→ **What to produce**
Pictures aside, output each record exactly.

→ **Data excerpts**
──────
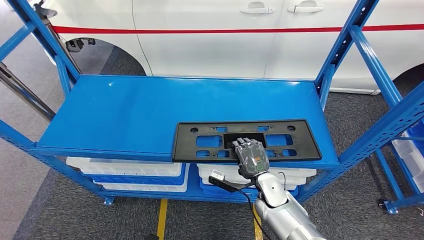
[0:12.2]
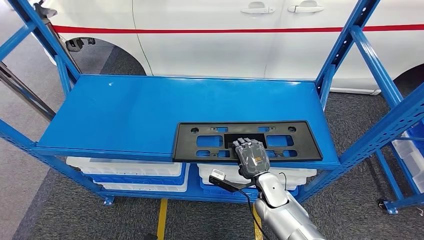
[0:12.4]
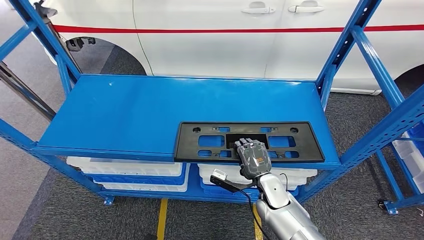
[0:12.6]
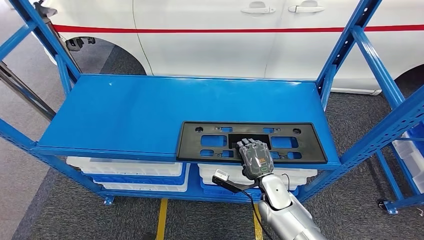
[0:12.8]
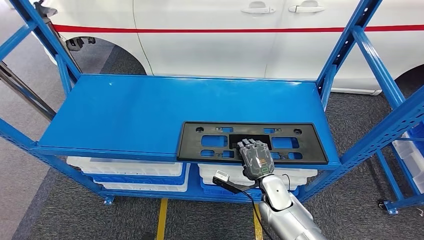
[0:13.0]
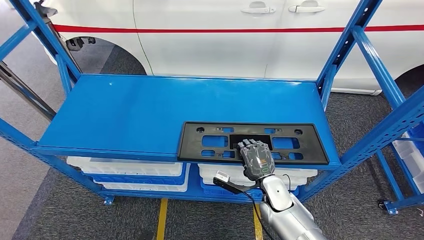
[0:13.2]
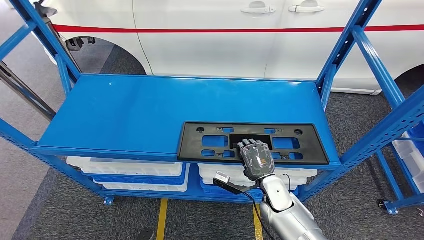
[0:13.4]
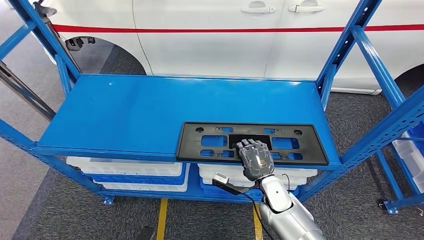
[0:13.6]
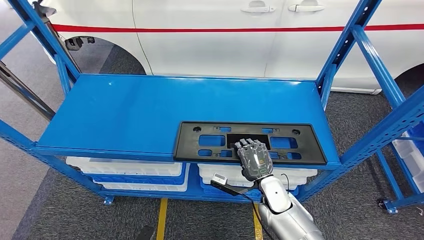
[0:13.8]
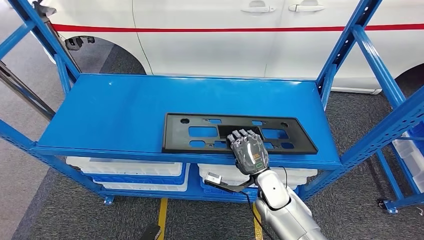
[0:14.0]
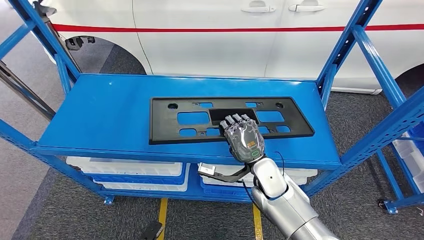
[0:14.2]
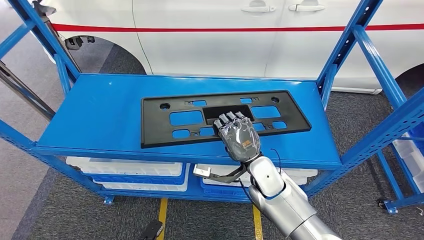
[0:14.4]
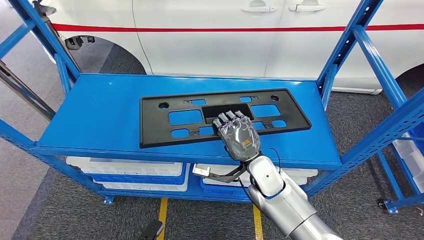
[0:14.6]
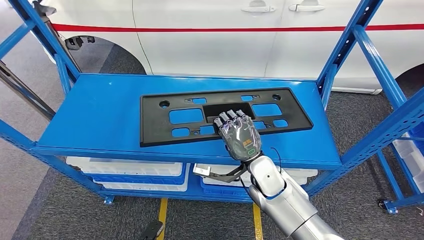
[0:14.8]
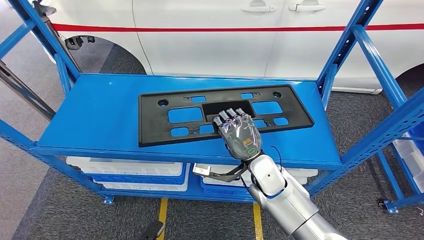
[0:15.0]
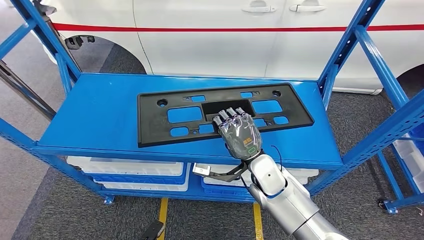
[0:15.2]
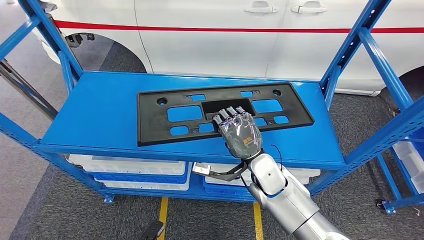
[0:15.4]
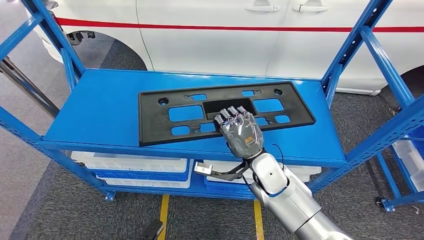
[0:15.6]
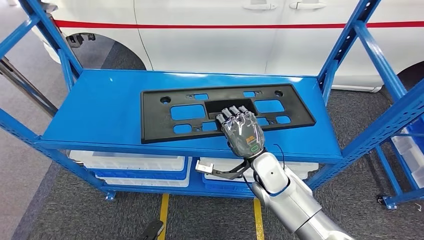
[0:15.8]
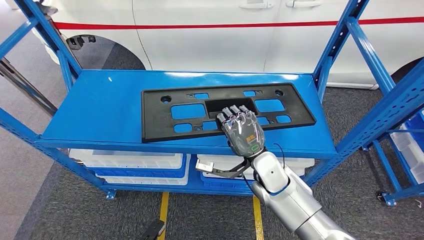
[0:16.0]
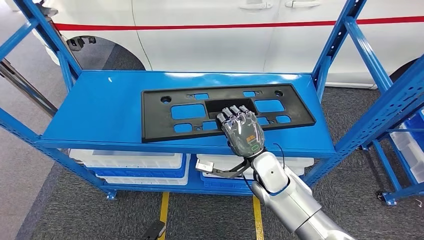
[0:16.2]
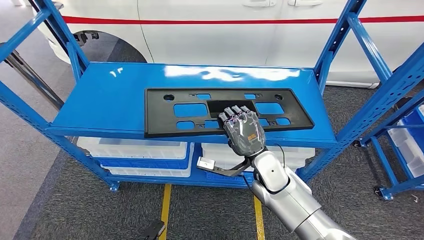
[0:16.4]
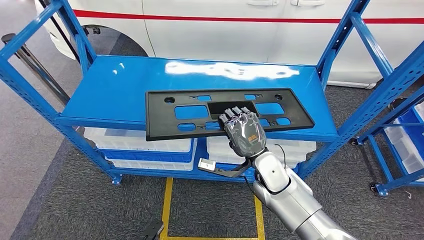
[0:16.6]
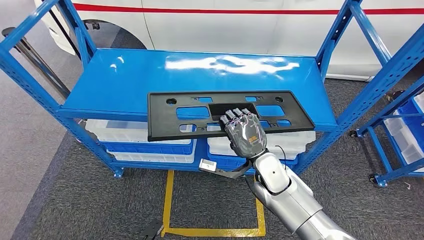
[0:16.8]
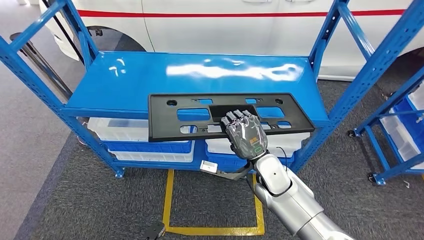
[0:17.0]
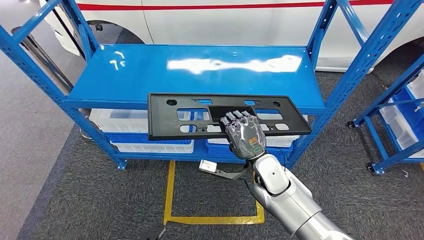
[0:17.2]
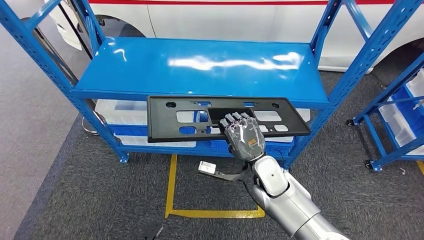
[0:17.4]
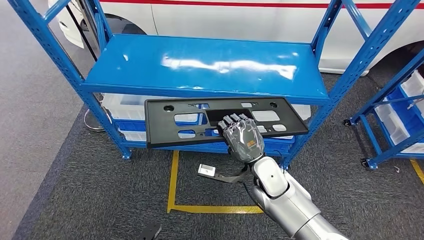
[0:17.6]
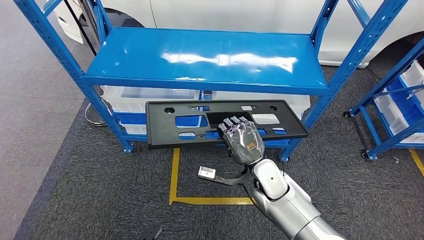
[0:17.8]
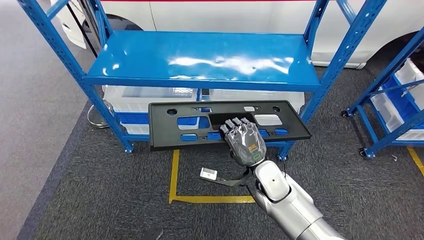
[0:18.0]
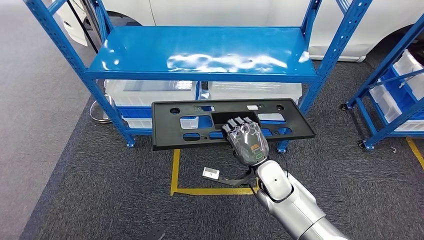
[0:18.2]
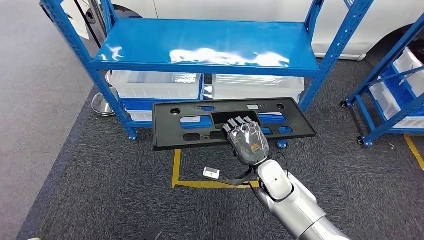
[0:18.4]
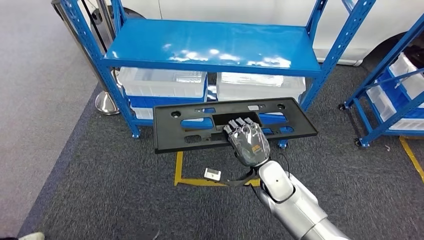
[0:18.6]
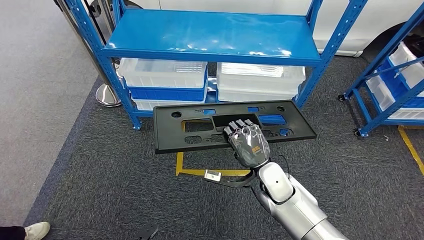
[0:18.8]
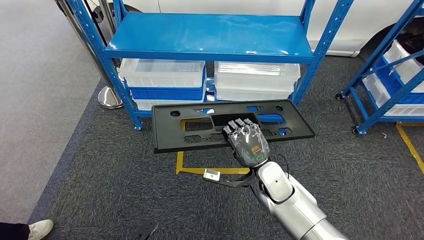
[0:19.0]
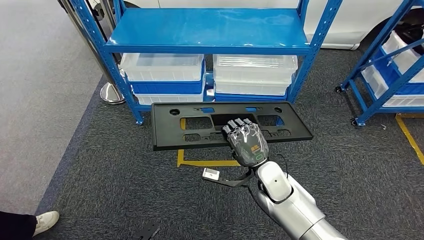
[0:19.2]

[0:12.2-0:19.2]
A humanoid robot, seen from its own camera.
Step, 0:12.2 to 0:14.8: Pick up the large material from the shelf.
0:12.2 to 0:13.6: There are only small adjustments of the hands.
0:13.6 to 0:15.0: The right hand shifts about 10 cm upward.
──────
→ **Exercise output**
[0:12.2]
[0:12.4]
[0:12.6]
[0:12.8]
[0:13.0]
[0:13.2]
[0:13.4]
[0:13.6]
[0:13.8]
[0:14.0]
[0:14.2]
[0:14.4]
[0:14.6]
[0:14.8]
[0:15.0]
[0:15.2]
[0:15.4]
[0:15.6]
[0:15.8]
[0:16.0]
[0:16.2]
[0:16.4]
[0:16.6]
[0:16.8]
[0:17.0]
[0:17.2]
[0:17.4]
[0:17.6]
[0:17.8]
[0:18.0]
[0:18.2]
[0:18.4]
[0:18.6]
[0:18.8]
[0:19.0]
[0:19.2]

[0:12.2-0:19.2]
A humanoid robot, seen from its own camera.
Step, 0:12.2 to 0:14.8: Pick up the large material from the shelf.
0:12.2 to 0:13.6: There are only small adjustments of the hands.
0:13.6 to 0:15.0: The right hand shifts about 10 cm upward.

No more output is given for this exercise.